Not sure if this also applies to stat1003.

(I'm going to try to correct this case by re-running in master.)

Event Timeline

All the sql command was changed to do was connect to a server returned by wfGetLB()->getServerName(wfGetLB()->getReaderIndex()) by default instead of wfGetLB()->getServerName(0), see T105046

However, it does appear that read_only is OFF on both deployment-db1 and deployment-db2.

Not sure if this also applies to stat1003.

Isn't that a production analytics host? What does it have to do with anything?

Isn't that a production analytics host? What does it have to do with anything?

There are also slaves of the wiki databases accessible from there:

mysql:research@s3-analytics-slave [mediawikiwiki]> SELECT * FROM page ORDER BY page_id DESC LIMIT 1;

Wondering if those slaves would also allow accidental UPDATEs.

jcrespo triaged this task as Medium priority.Sep 8 2015, 9:46 AM
jcrespo added a subscriber: jcrespo.

Analytics stores (dbstoreX) are all with read_only=0 (aka s3-analytics-slave).

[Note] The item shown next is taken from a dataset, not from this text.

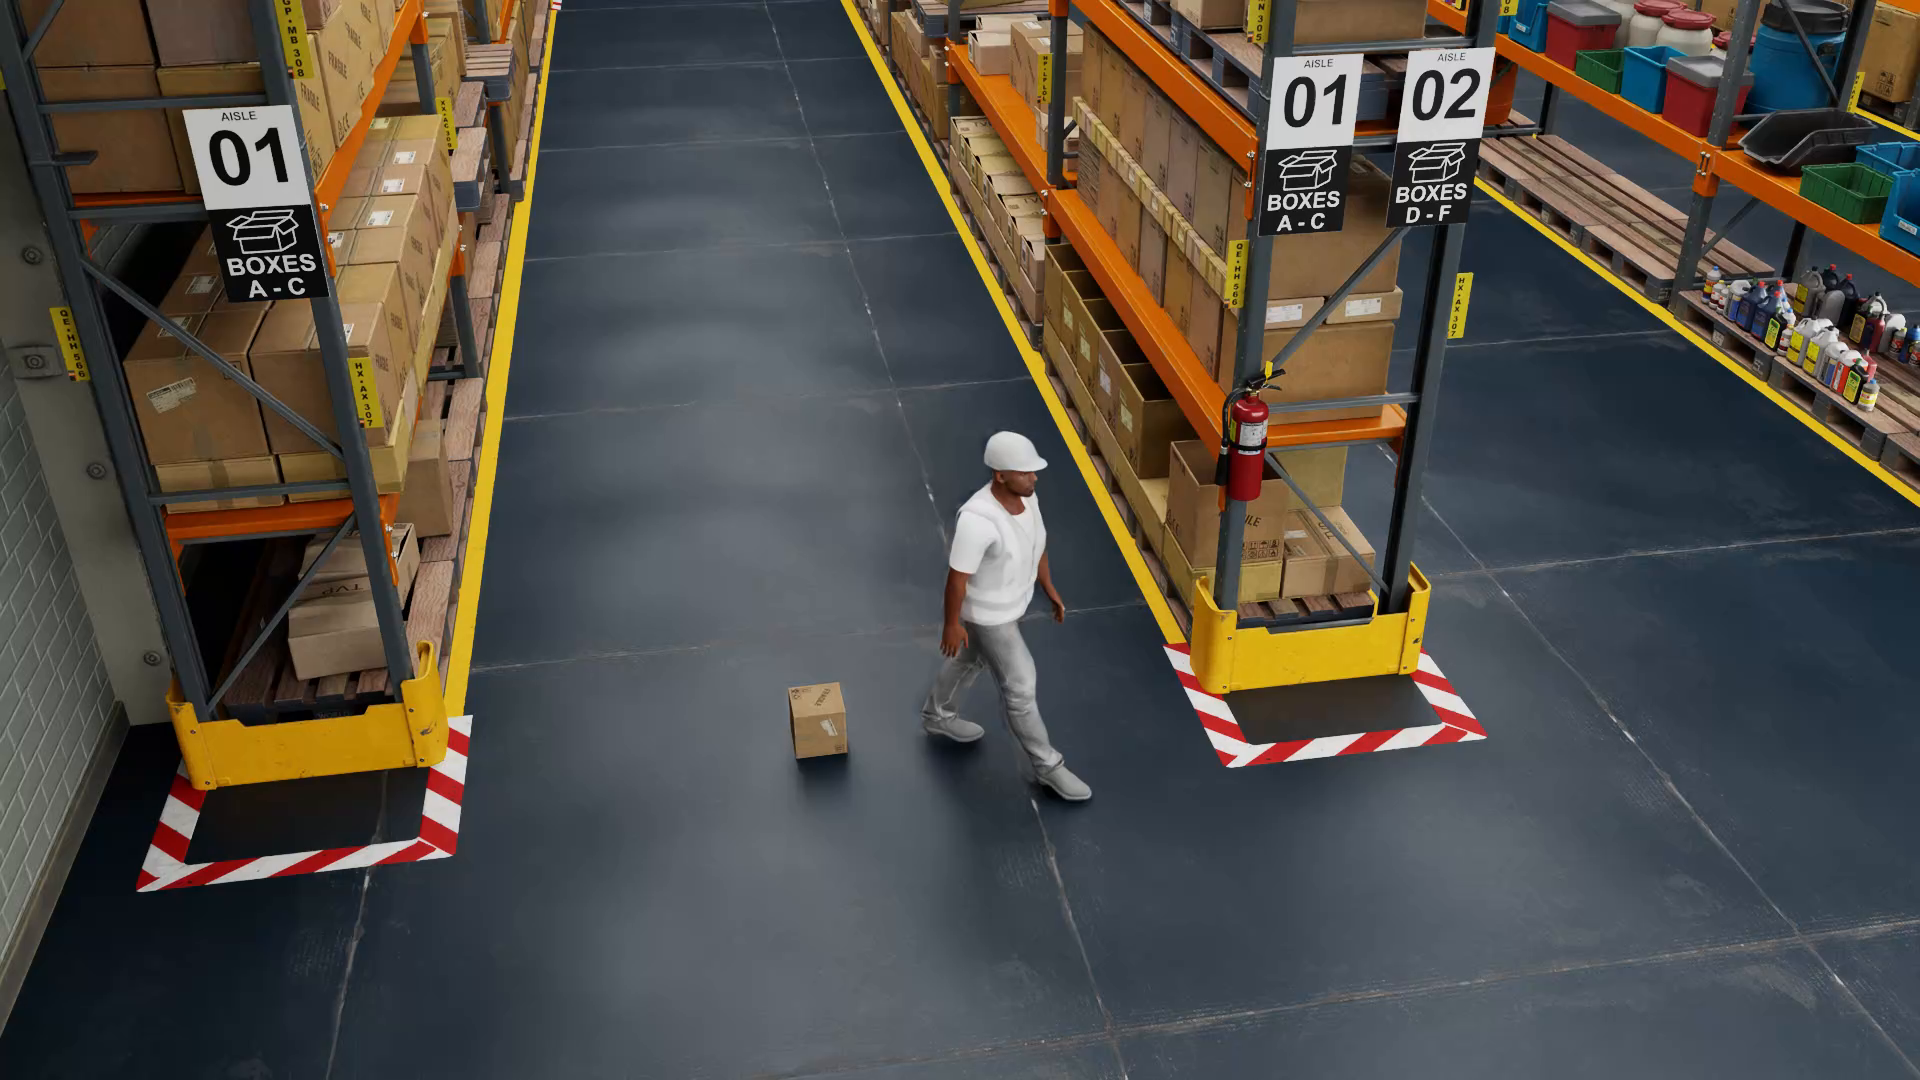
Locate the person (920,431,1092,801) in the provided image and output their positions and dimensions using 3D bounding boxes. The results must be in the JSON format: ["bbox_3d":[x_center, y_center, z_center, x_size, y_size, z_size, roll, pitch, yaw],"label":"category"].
[{"bbox_3d":[0.240,0.292,7.595,0.946,1.714,0.586,12,32,19],"label":"person"}]

I do not know yet, I suppose that because they have their own databases that they have to write to.

Slaves on beta should be fixed, but I will need help for that.

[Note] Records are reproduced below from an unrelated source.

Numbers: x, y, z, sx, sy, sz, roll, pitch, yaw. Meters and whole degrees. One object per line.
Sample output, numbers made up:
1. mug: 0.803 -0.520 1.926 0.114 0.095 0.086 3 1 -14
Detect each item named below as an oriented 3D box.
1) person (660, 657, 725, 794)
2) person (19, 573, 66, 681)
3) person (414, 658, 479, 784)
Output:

I have also created T111766.

From wmf-config/db-labs.php the Beta-Cluster-Infrastructure has two SQL servers, a master and a slave:

        'hostsByName' => array(
            'deployment-db1'  => '10.68.16.193', # deployment-db1.eqiad.wmflabs
            'deployment-db2'  => '10.68.17.94', # deployment-db2.eqiad.wmflabs
        ),
...
        'sectionLoads' => array(
            'DEFAULT' => array(
                'deployment-db1'     => 0,
                'deployment-db2'     => 400,
            ),
        ),

I think at one point some database had db2 has the master and db1 has the slave but that is no more the case apparently.

So it seems it is all about ™ setting the read-only flag on deployment-db2. They both have the puppet class `role::mariadb::beta which apply the template templates/mariadb/beta.my.cnf.erb` that comes with:

[mysqld]
read_only = 0

Maybe we can pass a type master/slave to vary that setting? Could be done via hiera maybe.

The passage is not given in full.